== Data provided

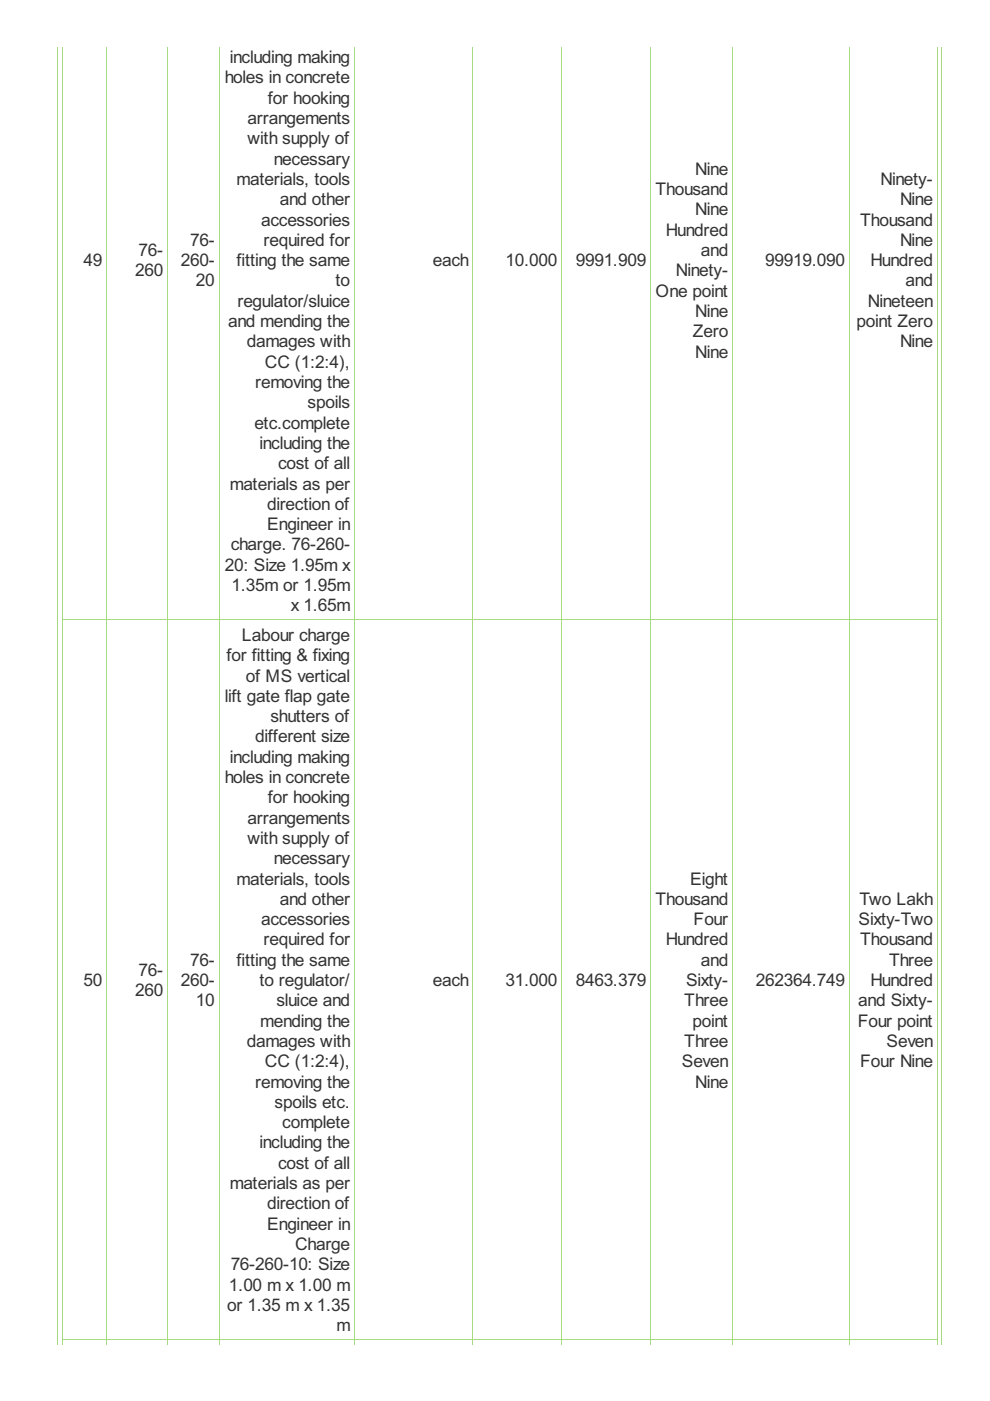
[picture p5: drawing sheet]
<svg xmlns="http://www.w3.org/2000/svg" width="210mm" height="297mm" viewBox="0 0 210 297" stroke-linecap="round" stroke-linejoin="round" font-family="sans-serif">
<defs><g id="words">
<g font-size="4.1" fill="#333">
<text x="47.7" y="17.7">holes in concrete</text>
<text x="48.7" y="13.4">including making</text>
<text x="56.8" y="22">for hooking</text>
<text x="52.5" y="26.3">arrangements</text>
<text x="52.5" y="30.6">with supply of</text>
<text x="58.1" y="34.9">necessary</text>
<text x="50.2" y="39.2">materials, tools</text>
<text x="139" y="41.4">Thousand</text>
<text x="147.4" y="37.1">Nine</text>
<text x="186.7" y="39.2">Ninety-</text>
<text x="55.4" y="47.8">accessories</text>
<text x="59.3" y="43.5">and other</text>
<text x="147.4" y="45.7">Nine</text>
<text x="182.4" y="47.8">Thousand</text>
<text x="190.8" y="43.5">Nine</text>
<text x="40.3" y="52.1">76-</text>
<text x="55.9" y="52.1">required for</text>
<text x="141.1" y="50">Hundred</text>
<text x="190.8" y="52.1">Nine</text>
<text x="17.7" y="56.4">49</text>
<text x="28.6" y="58.6">260</text>
<text x="29.4" y="54.3">76-</text>
<text x="38.3" y="56.4">260-</text>
<text x="50.2" y="56.4">fitting the same</text>
<text x="91.8" y="56.4">each</text>
<text x="107.2" y="56.4">10.000</text>
<text x="122.1" y="56.4">9991.909</text>
<text x="143.3" y="58.6">Ninety-</text>
<text x="148.6" y="54.3">and</text>
<text x="162.2" y="56.4">99919.090</text>
<text x="184.5" y="56.4">Hundred</text>
<text x="41.6" y="60.7">20</text>
<text x="50.3" y="65">regulator/sluice</text>
<text x="71.1" y="60.7">to</text>
<text x="139" y="62.9">One point</text>
<text x="184" y="65">Nineteen</text>
<text x="192" y="60.7">and</text>
<text x="48.4" y="69.4">and mending the</text>
<text x="146.9" y="71.5">Zero</text>
<text x="147.4" y="67.2">Nine</text>
<text x="181.6" y="69.4">point Zero</text>
<text x="52.3" y="73.7">damages with</text>
<text x="56.1" y="78">CC (1:2:4),</text>
<text x="147.4" y="75.8">Nine</text>
<text x="190.8" y="73.7">Nine</text>
<text x="54.1" y="82.3">removing the</text>
<text x="65.2" y="86.6">spoils</text>
<text x="53.9" y="90.9">etc.complete</text>
<text x="55" y="95.2">including the</text>
<text x="58.9" y="99.5">cost of all</text>
<text x="48.7" y="103.8">materials as per</text>
<text x="56.6" y="108.1">direction of</text>
<text x="56.7" y="112.4">Engineer in</text>
<text x="48.9" y="116.7">charge. 76-260-</text>
<text x="47.7" y="121">20: Size 1.95m x</text>
<text x="49.1" y="125.3">1.35m or 1.95m</text>
<text x="61.6" y="129.6">x 1.65m</text>
<text x="51.3" y="135.9">Labour charge</text>
<text x="48" y="140.2">for fitting &amp; fixing</text>
<text x="47.7" y="148.8">lift gate flap gate</text>
<text x="52.1" y="144.5">of MS vertical</text>
<text x="57.3" y="153.1">shutters of</text>
<text x="48.7" y="161.7">including making</text>
<text x="54.1" y="157.4">different size</text>
<text x="47.7" y="166">holes in concrete</text>
<text x="56.8" y="170.3">for hooking</text>
<text x="52.5" y="174.6">arrangements</text>
<text x="52.5" y="178.9">with supply of</text>
<text x="58.1" y="183.2">necessary</text>
<text x="50.2" y="187.5">materials, tools</text>
<text x="59.3" y="191.8">and other</text>
<text x="139" y="191.8">Thousand</text>
<text x="146.3" y="187.5">Eight</text>
<text x="182.2" y="191.8">Two Lakh</text>
<text x="55.4" y="196.1">accessories</text>
<text x="147.1" y="196.1">Four</text>
<text x="182" y="196.1">Sixty-Two</text>
<text x="55.9" y="200.4">required for</text>
<text x="141.1" y="200.4">Hundred</text>
<text x="182.4" y="200.4">Thousand</text>
<text x="17.7" y="209.1">50</text>
<text x="29.4" y="206.9">76-</text>
<text x="38.3" y="209.1">260-</text>
<text x="40.3" y="204.8">76-</text>
<text x="50.2" y="204.8">fitting the same</text>
<text x="55" y="209.1">to regulator/</text>
<text x="91.8" y="209.1">each</text>
<text x="107.2" y="209.1">31.000</text>
<text x="122.1" y="209.1">8463.379</text>
<text x="145.5" y="209.1">Sixty-</text>
<text x="148.6" y="204.8">and</text>
<text x="160.3" y="209.1">262364.749</text>
<text x="184.5" y="209.1">Hundred</text>
<text x="188.5" y="204.8">Three</text>
<text x="28.6" y="211.2">260</text>
<text x="41.6" y="213.4">10</text>
<text x="58.6" y="213.4">sluice and</text>
<text x="145.1" y="213.4">Three</text>
<text x="182" y="213.4">and Sixty-</text>
<text x="52.3" y="222">damages with</text>
<text x="55.2" y="217.7">mending the</text>
<text x="145.1" y="222">Three</text>
<text x="146.8" y="217.7">point</text>
<text x="181.9" y="217.7">Four point</text>
<text x="188" y="222">Seven</text>
<text x="56.1" y="226.3">CC (1:2:4),</text>
<text x="144.6" y="226.3">Seven</text>
<text x="182.4" y="226.3">Four Nine</text>
<text x="54.1" y="230.6">removing the</text>
<text x="147.4" y="230.6">Nine</text>
<text x="58.2" y="234.9">spoils etc.</text>
<text x="59.8" y="239.2">complete</text>
<text x="55" y="243.5">including the</text>
<text x="58.9" y="247.8">cost of all</text>
<text x="48.7" y="252.1">materials as per</text>
<text x="56.6" y="256.4">direction of</text>
<text x="56.7" y="260.7">Engineer in</text>
<text x="48.9" y="269.3">76-260-10: Size</text>
<text x="62.6" y="265">Charge</text>
<text x="48.5" y="273.6">1.00 m x 1.00 m</text>
<text x="48.2" y="277.9">or 1.35 m x 1.35</text>
<text x="71.3" y="282.2">m</text>
</g>
</g></defs>
<g fill="none" stroke="#a8da7f" stroke-width=".21">
<path d="M13.3 9.9v274.1M22.6 9.9v274.1M35.5 9.9v274.1M46.5 9.9v274.1M75.2 9.9v274.1M100.3 9.9v274.1M119.1 9.9v274.1M137.9 9.9v274.1M155.3 9.9v274.1M180.1 9.9v274.1M198.7 9.9v274.1M13.2 131.3h185.6"/>
<path d="M13.2 283.9h185.6"/>
</g>
<g fill="#a8da7f">
<path d="M13.2 283.8h.2v1.3h-.2z"/>
<path d="M22.5 283.8h.2v1.3h-.2z"/>
</g>
<path d="M22.5 283.9h13.1" fill="none" stroke="#a8da7f" stroke-width=".21"/>
<g fill="#a8da7f">
<path d="M22.5 283.8h.2v1.3h-.2z"/>
<path d="M35.5 283.8h.1v1.3h-.1z"/>
</g>
<path d="M35.5 283.9h11.1" fill="none" stroke="#a8da7f" stroke-width=".21"/>
<g fill="#a8da7f">
<path d="M35.5 283.8h.1v1.3h-.1z"/>
<path d="M46.4 283.8h.2v1.3h-.2z"/>
</g>
<path d="M46.4 283.9h28.9" fill="none" stroke="#a8da7f" stroke-width=".21"/>
<g fill="#a8da7f">
<path d="M46.4 283.8h.2v1.3h-.2z"/>
<path d="M75.1 283.8h.2v1.3h-.2z"/>
</g>
<path d="M75.1 283.9h25.3" fill="none" stroke="#a8da7f" stroke-width=".21"/>
<g fill="#a8da7f">
<path d="M75.1 283.8h.2v1.3h-.2z"/>
<path d="M100.2 283.8h.2v1.3h-.2z"/>
</g>
<path d="M100.2 283.9h19" fill="none" stroke="#a8da7f" stroke-width=".21"/>
<g fill="#a8da7f">
<path d="M100.2 283.8h.2v1.3h-.2z"/>
<path d="M119 283.8h.2v1.3h-.2z"/>
</g>
<path d="M119 283.9h19" fill="none" stroke="#a8da7f" stroke-width=".21"/>
<g fill="#a8da7f">
<path d="M119 283.8h.2v1.3h-.2z"/>
<path d="M137.9 283.8h.1v1.3h-.1z"/>
</g>
<path d="M137.9 283.9h17.5" fill="none" stroke="#a8da7f" stroke-width=".21"/>
<g fill="#a8da7f">
<path d="M137.9 283.8h.1v1.3h-.1z"/>
<path d="M155.3 283.8h.1v1.3h-.1z"/>
</g>
<path d="M155.3 283.9h24.9" fill="none" stroke="#a8da7f" stroke-width=".21"/>
<g fill="#a8da7f">
<path d="M155.3 283.8h.1v1.3h-.1z"/>
<path d="M180 283.8h.2v1.3h-.2z"/>
</g>
<path d="M180 283.9h18.8" fill="none" stroke="#a8da7f" stroke-width=".21"/>
<g fill="#a8da7f">
<path d="M180 283.8h.2v1.3h-.2z"/>
<path d="M198.7 283.8h.1v1.3h-.1z"/>
</g>
<path d="M12.2 9.9v275.2M199.6 9.9v275.2" fill="none" stroke="#a8da7f" stroke-width=".21"/>
<use href="#words"/>
</svg>

====

◆ Problem to solve: Looking back over the records above, in how many lines does the word "supply" occur? Give the number alone.

◆ Expected answer: 2